When he saw the crowds, he had compassion on them, because they were harassed and helpless, like sheep without a shepherd.  Then he said to his disciples, “The harvest is plentiful but the workers are few. Ask the Lord of the harvest, therefore, to send out workers into his harvest field.”
Matthew 9:36-38

Saturday, December 3, 2011

Ants in the Sugar Bowl

This photo was taken of our family in March of this year.  We spent two weeks as a family ministering in Ghana.  Native orphans, deperate villagers, people without the hope of Christ all pierced our heart. 

What is God calling us to?  Where is he leading us?  The task is overwhelming. 

This picture is fitting because the exposure was cloudy but we have smiles on our faces.  Our future is clouded.  So many unknowns face us.  Yet, our eternal hope brings us joy to face the insurmountable task at hand.  Although everything is not crystal clear, we must step forward in faith.  We can smile at what is before us.  To love as Jesus loved.  To pour forth His love, hope, joy, and peace upon everyone we encounter.

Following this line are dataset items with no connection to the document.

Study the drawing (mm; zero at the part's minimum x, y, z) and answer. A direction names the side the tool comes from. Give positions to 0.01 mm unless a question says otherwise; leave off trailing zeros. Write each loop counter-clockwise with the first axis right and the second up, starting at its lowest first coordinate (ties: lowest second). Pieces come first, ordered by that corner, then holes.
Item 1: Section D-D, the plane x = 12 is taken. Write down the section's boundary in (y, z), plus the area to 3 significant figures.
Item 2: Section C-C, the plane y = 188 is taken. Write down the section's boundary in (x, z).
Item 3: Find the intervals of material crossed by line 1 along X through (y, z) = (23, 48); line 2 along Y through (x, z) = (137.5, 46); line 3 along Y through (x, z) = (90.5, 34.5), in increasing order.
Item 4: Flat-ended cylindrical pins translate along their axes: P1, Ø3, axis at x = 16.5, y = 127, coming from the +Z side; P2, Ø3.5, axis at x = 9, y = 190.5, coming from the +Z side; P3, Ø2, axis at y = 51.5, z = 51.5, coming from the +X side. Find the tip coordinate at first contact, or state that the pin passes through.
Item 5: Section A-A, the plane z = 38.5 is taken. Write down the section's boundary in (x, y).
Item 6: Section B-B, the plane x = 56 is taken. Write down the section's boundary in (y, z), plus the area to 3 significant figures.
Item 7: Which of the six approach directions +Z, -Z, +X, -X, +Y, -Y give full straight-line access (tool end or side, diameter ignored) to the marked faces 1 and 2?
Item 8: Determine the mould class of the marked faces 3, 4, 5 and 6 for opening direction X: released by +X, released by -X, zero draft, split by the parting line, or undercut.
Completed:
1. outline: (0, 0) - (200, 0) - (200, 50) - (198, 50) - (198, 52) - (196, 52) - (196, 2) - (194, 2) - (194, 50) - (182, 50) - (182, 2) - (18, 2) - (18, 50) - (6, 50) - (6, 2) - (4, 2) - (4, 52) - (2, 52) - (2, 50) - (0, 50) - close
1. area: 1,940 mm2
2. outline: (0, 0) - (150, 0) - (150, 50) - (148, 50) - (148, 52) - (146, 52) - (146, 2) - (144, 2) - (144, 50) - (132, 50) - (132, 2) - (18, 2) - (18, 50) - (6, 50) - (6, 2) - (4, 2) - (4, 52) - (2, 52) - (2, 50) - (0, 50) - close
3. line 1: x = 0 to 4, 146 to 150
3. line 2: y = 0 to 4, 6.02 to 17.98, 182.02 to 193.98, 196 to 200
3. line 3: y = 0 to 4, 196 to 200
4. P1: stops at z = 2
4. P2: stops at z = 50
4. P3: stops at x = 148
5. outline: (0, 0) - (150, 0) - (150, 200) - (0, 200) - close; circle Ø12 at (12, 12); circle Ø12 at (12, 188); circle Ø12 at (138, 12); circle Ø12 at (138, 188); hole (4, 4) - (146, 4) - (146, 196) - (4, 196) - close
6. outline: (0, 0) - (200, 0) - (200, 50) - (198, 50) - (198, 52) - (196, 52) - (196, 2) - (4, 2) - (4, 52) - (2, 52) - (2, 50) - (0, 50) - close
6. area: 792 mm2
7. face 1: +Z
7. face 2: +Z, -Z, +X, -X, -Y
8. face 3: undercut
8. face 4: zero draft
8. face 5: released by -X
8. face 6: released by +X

A few days ago, the below poem was read aloud in training.  Surprisingly, tears came to my eyes from no where.  It made me realize what is ahead and how it affects my heart...

Ants in the Sugar Bowl
By Elizabeth Givens

So send I you
     To ants in the sugar bowl,
     To things that fly, creep and crawl into the house,
     To uncertain water, sporatic electricity.
     To long hours, sweltering heat, exhausting days,
     To uncomfortable vehicles, crowded jeeps, smelly buses.
     To noisy early, early mornings.
     To rice, rice, and more rice.
     To poverty you didn't believe existed,
     To masses of people like you have never seen,
     To know, and work with people who have never known comfort,
So send I you, and I expect you to adjust.

So send I you
     To people who will give from their poverty,
     To friends who will embarass you with their generosity,
     To pastors who will entertain you from their lack,with beauty,
     To hungry, receptive, questioning people who want to know God,
     To study, to teach, to learn from your study and teaching,
     To prove your own motives, values, and beliefs,
     To learn more about yourself and the culture that has reared you,
     To know God and to understand more deeply dependence on Him,
So send I you.

Are you going?  I'll go with you all the way.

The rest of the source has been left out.